Top positive review
5.0 out of 5 starsA pedagogical and practical perspective on (modern) probability
Reviewed in the United States on December 1, 2018
Vershynin's book covers a set of topics that is likely to become central in the education for "modern" mathematicians, statisticians, physicists, and (electrical) engineers. He discusses ideas, techniques, and tools that arise across fields, and he conceptually unifies them under the brand name of "high-dimensional probability".
His choice of topics (e.g., concentration/deviation inequalities, random vectors/matrices, stochastic processes, etc.) and applications (e.g., sparse recovery, dimension-reduction, covariance estimation, optimization bounds, etc.) delivers a necessary (and timely) addition to the growing body of data-science-related literature—more on this below.
Vershynin writes in a conversational, reader-friendly manner. He weaves theorems, lemmas, corollaries, and proofs into his dialogue with the reader without getting caught in an endless theorem-proof loop. In addition, the book's integrated exercises and its prompts to "check!" or think about "why?" are strong components of the book. My copy of the book is already full of notes to myself where I’m “checking” something or explaining “why” something is true/false. (Also, as an aside, I love that coffee cups are used to signal the difficulty of a problem—good style.)
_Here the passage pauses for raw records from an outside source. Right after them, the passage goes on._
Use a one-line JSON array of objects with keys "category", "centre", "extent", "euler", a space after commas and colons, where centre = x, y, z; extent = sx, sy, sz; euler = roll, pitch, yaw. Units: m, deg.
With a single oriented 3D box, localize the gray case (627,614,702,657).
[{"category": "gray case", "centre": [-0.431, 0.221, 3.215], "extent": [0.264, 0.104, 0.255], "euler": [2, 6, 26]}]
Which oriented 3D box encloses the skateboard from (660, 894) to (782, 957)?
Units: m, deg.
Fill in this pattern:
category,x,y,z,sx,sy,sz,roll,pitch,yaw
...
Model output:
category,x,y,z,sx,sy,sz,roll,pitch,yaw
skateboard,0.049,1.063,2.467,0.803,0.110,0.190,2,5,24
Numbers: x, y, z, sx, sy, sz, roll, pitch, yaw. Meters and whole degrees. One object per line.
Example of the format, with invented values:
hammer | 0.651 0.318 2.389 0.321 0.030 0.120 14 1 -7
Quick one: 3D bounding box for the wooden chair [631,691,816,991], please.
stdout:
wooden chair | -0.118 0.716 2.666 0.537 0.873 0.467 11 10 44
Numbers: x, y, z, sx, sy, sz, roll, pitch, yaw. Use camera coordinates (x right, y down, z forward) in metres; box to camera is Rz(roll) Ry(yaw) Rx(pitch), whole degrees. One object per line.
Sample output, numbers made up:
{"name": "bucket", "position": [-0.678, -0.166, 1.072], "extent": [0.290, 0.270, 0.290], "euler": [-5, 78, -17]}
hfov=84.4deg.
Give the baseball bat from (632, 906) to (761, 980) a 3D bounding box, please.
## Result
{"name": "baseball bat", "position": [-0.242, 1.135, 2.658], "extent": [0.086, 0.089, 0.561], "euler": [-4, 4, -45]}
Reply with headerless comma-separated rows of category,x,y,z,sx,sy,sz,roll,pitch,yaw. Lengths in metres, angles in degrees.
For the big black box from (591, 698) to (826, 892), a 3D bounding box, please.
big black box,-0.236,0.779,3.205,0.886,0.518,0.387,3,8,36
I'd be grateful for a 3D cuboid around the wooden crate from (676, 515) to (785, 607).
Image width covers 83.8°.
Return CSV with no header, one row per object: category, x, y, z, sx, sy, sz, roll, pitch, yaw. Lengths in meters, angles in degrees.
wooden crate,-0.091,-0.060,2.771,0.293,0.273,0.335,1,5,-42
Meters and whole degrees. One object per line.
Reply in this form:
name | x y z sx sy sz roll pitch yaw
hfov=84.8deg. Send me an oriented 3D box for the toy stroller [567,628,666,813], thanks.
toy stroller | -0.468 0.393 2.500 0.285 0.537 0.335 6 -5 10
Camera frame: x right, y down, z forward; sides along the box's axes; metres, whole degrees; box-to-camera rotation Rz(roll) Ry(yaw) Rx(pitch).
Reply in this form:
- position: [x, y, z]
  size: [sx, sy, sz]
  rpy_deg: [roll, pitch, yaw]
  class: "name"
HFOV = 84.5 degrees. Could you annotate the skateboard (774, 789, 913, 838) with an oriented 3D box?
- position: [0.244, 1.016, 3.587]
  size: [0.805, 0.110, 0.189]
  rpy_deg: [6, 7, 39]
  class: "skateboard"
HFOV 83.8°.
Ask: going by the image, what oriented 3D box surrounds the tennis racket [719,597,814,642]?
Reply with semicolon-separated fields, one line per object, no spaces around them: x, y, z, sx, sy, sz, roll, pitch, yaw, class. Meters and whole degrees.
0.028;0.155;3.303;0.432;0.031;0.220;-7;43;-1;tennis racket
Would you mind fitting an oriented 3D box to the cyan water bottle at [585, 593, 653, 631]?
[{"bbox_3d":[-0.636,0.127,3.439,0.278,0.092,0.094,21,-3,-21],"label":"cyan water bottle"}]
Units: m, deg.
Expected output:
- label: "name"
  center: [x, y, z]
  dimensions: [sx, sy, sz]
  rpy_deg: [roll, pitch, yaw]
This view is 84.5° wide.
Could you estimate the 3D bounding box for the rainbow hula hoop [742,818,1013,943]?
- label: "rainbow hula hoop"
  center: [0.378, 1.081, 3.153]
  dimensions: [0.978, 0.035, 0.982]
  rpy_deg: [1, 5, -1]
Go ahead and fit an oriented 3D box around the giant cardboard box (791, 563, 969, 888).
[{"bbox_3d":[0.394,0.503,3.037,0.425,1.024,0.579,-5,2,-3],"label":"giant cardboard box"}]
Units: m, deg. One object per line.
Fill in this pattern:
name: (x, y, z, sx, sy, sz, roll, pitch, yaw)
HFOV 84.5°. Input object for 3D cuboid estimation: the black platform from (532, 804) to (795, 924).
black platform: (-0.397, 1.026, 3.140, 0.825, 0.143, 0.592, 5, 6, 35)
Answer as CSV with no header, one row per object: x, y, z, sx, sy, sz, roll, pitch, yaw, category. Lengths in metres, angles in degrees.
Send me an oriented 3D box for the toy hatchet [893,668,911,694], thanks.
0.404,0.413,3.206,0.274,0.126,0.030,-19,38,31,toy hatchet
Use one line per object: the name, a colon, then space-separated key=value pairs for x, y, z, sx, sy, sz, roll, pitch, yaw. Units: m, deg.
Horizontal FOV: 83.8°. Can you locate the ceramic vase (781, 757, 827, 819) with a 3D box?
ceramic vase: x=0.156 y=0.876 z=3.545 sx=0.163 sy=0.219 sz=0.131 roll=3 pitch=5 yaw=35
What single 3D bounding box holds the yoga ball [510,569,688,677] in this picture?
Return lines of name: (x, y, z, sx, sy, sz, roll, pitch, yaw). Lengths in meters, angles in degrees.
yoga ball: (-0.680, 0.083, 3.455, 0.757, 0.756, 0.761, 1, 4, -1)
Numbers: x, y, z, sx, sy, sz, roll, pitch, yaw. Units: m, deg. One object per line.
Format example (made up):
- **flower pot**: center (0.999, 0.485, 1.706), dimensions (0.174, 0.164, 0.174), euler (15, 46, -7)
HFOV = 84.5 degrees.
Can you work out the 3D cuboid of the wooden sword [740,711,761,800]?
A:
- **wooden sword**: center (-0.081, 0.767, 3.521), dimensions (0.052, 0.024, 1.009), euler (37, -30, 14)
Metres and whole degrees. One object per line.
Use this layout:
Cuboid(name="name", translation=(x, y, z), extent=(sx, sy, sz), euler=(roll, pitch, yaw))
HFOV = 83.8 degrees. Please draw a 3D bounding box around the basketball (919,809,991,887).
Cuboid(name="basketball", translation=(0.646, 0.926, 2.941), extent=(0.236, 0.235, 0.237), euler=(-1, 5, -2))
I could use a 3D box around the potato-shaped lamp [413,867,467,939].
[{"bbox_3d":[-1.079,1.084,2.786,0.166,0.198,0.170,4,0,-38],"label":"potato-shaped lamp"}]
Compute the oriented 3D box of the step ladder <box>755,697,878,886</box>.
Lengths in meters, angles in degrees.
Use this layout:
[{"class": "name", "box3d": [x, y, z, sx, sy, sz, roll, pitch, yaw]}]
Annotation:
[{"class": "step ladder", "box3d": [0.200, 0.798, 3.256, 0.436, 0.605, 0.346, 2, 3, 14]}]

I want to highlight a few examples where Vershynin’s choice of topics and his prose shine brightly. In section 4.4.1, he guides us through an example that clearly illustrates the usefulness of ε-nets for bounding matrix norms. I’d seen ε-nets and covering numbers before, but never had good intuition for why they showed up in a proof.
Similarly, I’d struggled to gain intuition about why/how Gaussian widths and Vapnik–Chervonekis dimension capture/measure the complexity of a set. After reading sections 7.5 and 8.3 and working through some exercises, the two concepts are much clearer. Moreover, Vershynin connects these ideas back to covering numbers, which helped me better my understanding of all three concepts.
Finally, I found the discussions on chaining and generic chaining in chapter 8 to be excellent. Following them up with Talagrand’s comparison inequality, which becomes the hammer of choice for the matrix deviation inequality (in chapter 9), rounds out a long, but very valuable/useful chapter—and one that I’ll certainly re-study and reference.
I would recommend this book for those interested in (high-dimensional) statistics, randomized numerical linear algebra, and electrical engineering (particularly, signal processing). As I'm coming to realize, the "concentration of measure" and “deviation inequality” toolbox is essential to these areas. Lastly, I believe that this book makes a great companion to “Concentration Inequalities” by Boucheron, Lugosi, Massart.